-- PROBLEM DETAILS --
Take every line containing "oriented" from the material and copy it.

++++ MATERIAL TO PROCESS ++++

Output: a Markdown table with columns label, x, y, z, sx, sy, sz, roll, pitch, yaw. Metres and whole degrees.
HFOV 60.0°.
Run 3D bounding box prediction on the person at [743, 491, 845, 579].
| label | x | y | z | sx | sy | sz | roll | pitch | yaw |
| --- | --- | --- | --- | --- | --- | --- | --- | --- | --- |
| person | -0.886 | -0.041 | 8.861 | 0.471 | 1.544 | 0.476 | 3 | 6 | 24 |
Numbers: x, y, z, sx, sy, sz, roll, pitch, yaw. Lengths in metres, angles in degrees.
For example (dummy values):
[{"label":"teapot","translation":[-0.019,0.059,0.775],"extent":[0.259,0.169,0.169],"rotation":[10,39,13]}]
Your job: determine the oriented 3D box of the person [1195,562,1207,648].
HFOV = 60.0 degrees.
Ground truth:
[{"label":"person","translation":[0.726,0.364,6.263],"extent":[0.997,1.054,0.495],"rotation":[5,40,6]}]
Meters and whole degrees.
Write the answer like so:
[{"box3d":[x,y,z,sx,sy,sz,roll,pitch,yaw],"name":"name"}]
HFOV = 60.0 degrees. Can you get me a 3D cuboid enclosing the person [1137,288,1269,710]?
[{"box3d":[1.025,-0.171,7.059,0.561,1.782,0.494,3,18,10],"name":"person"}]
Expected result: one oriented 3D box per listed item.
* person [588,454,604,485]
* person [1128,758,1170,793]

++++

-- FINISHED EXERCISE --
Your job: determine the oriented 3D box of the person [1195,562,1207,648].
Expected result: one oriented 3D box per listed item.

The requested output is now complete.